Formamidase catalyzes the conversion of formamide to formate and ammonia. The up-regulation of the formamidase gene under −N deprivation suggests that formamidase is involved in providing an alternative source of N in form of ammonia cleaved off from formamide and possibly other substrates. Formamide has been shown to be a degradation product of both histidine and cyanide in various microorganisms (Ferber et al. 1988; Kunz et al. 1994). It has been speculated that formamidase may play a role in detoxification of cyanides in plants (Fraser et al. 2001).

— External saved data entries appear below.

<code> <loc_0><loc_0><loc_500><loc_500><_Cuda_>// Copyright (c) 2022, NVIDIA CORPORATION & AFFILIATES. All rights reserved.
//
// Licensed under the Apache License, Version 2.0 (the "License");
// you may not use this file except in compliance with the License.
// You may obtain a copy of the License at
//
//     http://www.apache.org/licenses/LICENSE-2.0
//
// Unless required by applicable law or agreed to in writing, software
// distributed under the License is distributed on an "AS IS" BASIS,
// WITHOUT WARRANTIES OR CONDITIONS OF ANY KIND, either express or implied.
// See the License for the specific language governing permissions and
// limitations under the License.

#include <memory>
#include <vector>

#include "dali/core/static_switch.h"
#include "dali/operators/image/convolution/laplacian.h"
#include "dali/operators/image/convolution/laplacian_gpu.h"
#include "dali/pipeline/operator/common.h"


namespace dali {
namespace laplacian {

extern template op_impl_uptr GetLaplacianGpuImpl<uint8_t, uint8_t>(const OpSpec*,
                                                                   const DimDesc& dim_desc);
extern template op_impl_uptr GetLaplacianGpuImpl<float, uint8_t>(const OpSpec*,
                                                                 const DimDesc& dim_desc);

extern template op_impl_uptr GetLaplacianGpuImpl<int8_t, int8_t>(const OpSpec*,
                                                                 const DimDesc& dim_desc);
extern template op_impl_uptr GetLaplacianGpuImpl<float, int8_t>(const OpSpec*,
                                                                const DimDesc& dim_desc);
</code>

The up-regulation of LaFmd under P and Fe deprivation is difficult to explain. Formamidase activity produces formate, a major C1 unit source (Cossins and Chen 1997). Formate can be further metabolized by the enzyme formate dehydrogenase. Interestingly, we also identified a putative formate dehydrogenase (FDH) as up-regulated in proteoid roots under P, N, and Fe deprivation. FDH catalyzes oxidation of formate to CO2, and is thought to play a role in anaerobic respiration (Suzuki et al. 1998). Fe deprivation, a stress that mimics anaerobiosis due to the central role of Fe in many redox-active enzymes of the respiratory chain, has been shown to induce the accumulation of FDH transcripts in barley roots (Suzuki et al. 1998).

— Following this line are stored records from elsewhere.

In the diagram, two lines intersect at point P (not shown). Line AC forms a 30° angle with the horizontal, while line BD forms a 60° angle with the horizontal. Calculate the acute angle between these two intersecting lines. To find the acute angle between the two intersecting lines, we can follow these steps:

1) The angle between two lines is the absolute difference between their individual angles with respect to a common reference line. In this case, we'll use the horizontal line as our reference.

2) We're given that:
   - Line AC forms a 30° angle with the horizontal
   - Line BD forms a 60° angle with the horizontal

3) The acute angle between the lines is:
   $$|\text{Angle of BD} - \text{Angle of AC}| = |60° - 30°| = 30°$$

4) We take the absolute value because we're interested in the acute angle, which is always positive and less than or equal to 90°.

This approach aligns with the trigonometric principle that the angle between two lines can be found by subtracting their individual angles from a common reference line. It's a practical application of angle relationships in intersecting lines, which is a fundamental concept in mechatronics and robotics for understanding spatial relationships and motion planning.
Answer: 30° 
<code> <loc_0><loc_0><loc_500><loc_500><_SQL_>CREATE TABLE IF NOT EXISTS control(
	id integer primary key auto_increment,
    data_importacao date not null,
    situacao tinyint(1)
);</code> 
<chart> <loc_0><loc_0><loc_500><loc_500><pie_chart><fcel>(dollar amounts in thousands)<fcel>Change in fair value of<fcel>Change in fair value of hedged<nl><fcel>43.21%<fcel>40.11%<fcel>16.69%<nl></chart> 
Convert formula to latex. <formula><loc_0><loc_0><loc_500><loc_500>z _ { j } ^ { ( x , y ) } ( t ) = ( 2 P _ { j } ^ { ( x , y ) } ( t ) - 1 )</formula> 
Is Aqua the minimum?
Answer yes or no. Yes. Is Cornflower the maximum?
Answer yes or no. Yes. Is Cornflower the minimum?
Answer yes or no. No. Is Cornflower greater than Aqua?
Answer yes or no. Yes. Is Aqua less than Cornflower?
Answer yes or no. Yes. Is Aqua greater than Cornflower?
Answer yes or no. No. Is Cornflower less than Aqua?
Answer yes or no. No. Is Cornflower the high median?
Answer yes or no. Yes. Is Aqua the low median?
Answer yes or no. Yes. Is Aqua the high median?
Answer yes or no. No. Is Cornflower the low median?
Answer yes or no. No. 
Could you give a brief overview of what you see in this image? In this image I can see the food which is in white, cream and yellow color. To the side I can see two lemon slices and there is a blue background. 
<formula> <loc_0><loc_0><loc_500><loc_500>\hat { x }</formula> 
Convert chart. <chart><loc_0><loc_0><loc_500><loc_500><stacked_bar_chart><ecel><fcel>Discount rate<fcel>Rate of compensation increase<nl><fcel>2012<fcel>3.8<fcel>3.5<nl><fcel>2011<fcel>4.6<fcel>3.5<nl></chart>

To further elucidate the role of formamidase and formate dehydrogenase in white lupin’s adaptation to P, N, and Fe deprivation, we are currently generating RNAi-based mutants. In addition, we have sequenced the formamidase promoter, and are using promoter::reporter gene fusions and electrophoretic mobility shift assays to assess regulatory cis-acting elements of this nutrient stress-responsive gene.